Mention alignment
When working with SIMD, for example, memory alignment may matter.
It would be good if this guide also discusses ways to allocate memory for SIMD that is, e.g., aligned to 64-byte boundaries.
Thanks for the suggestion! This sounds like it could be really useful for people. Here are three barriers:
- Would this increase the scope of the project too much? Maybe SIMD should be a separate document because I know there are multiple different libraries that have different tradeoffs.
- I only know the basic ideas of SIMD and haven't used it, but I would love to learn about it!
- I just had a baby so I probably won't have much time in the near future. 😉
One thing I'd love to hear from you is: is there a specific problem that you're hoping to solve? That would help me understand what kind of information would be useful.

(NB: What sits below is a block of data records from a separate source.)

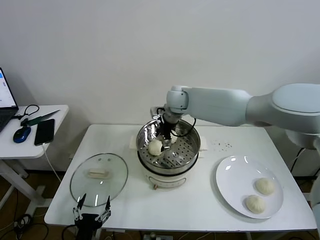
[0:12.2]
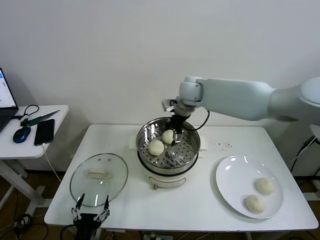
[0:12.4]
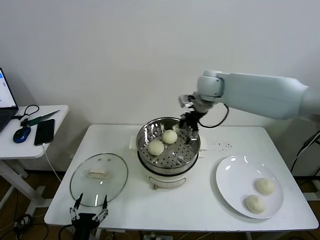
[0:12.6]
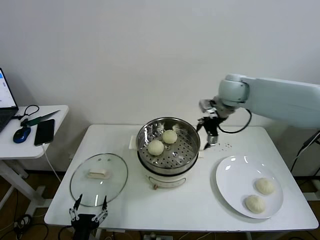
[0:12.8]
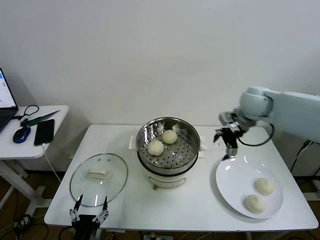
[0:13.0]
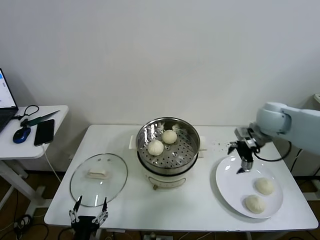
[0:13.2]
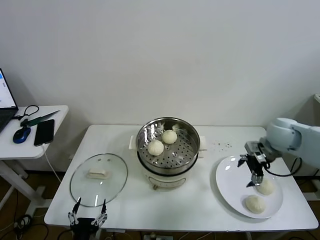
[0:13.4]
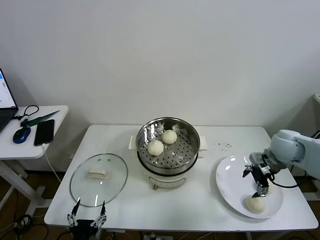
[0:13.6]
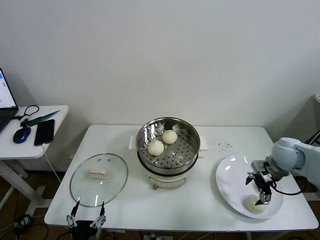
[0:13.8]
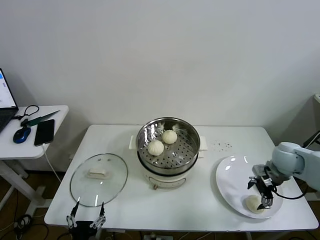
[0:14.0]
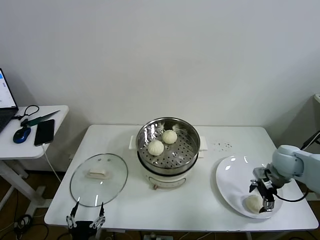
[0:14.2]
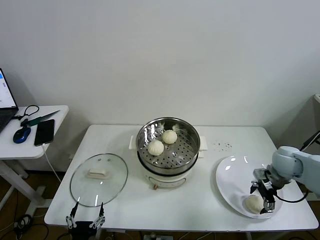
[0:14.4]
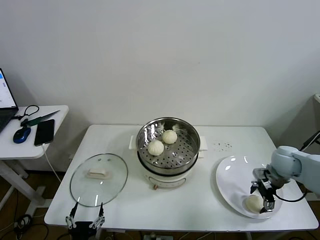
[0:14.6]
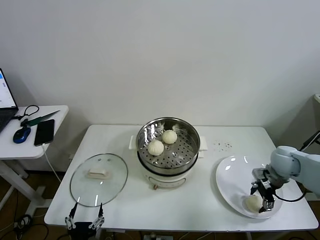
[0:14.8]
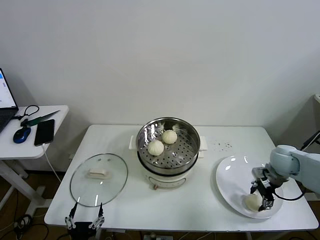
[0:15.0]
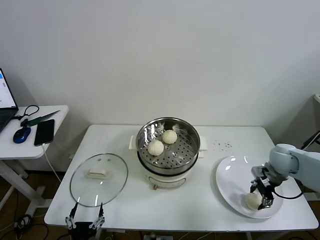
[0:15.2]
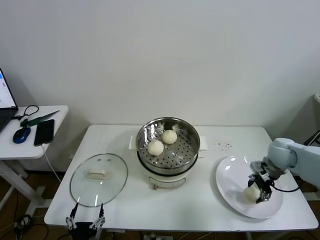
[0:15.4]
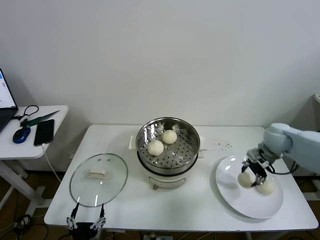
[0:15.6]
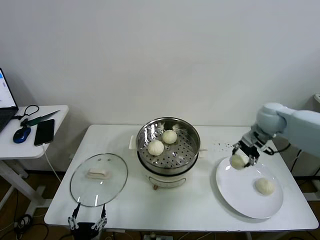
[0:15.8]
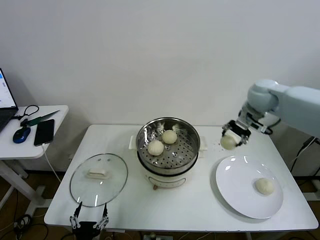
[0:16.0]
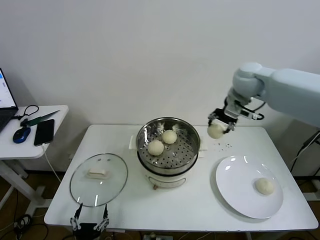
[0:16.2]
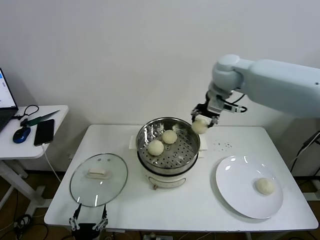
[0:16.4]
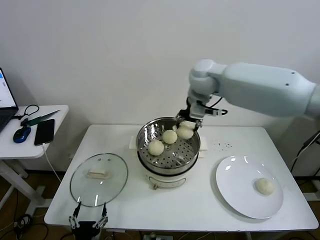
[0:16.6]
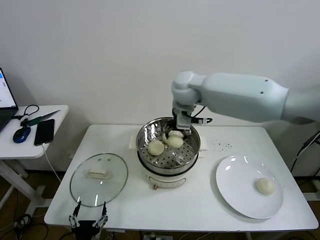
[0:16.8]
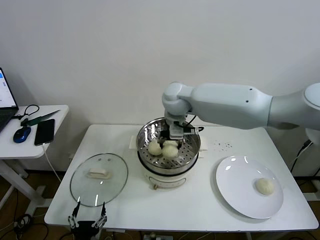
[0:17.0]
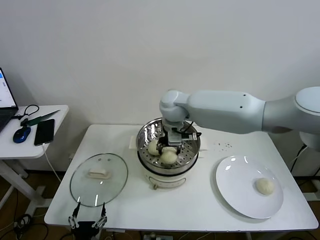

No worries, I do not expect this to be added immediately. It is just a suggestion.
Well, I know that SIMD supposedly can improve the performance, and that it can benefit from memory alignment. Intel documentation say that it is desirable to have 64 byte alignment.
I have seen (with cargo asm) that my code is automatically vectorized (I am not writing explicit SIMD, which currently is a nightly experimental API), but it uses vmovupd instructions, which is the unaligned variant.
I figured out that with std::alloc::Layout one can allocate arrays to be 64-byte aligned, (I tried following the Rustonomicon Vec example but there remained some error), and did not yield vmovpd -- I guess you need to hint the compiler that the later accesses are all aligned, too - which may be nightly-only for now, so it will have to wait.
Congratulations, enjoy.
Thanks!
This detail is helpful. Here are some of the questions that we'll need to think about:
- How can we help the user avoid
unsafe? - What tools and layers of abstraction does the user need to understand? E.g. do they need to know about
cargo asm? - Is the user counting on the compiler to optimize? Or is the user using
std::simd? I have also seen third-party libraries like faster and simdeez but that was a couple years ago, maybe they have been supplanted. - Is the user on stable Rust or nightly? What version of Rust?
- How much control does the user have over the allocator? If they're writing an executable, they probably have full control but in a library it might be more complicated.
- What processors and instruction sets does the user want to target?
- If the user wants the compiler to optimize, are there any conditions that will guarantee the optimization happens? Often it seems to be best-effort.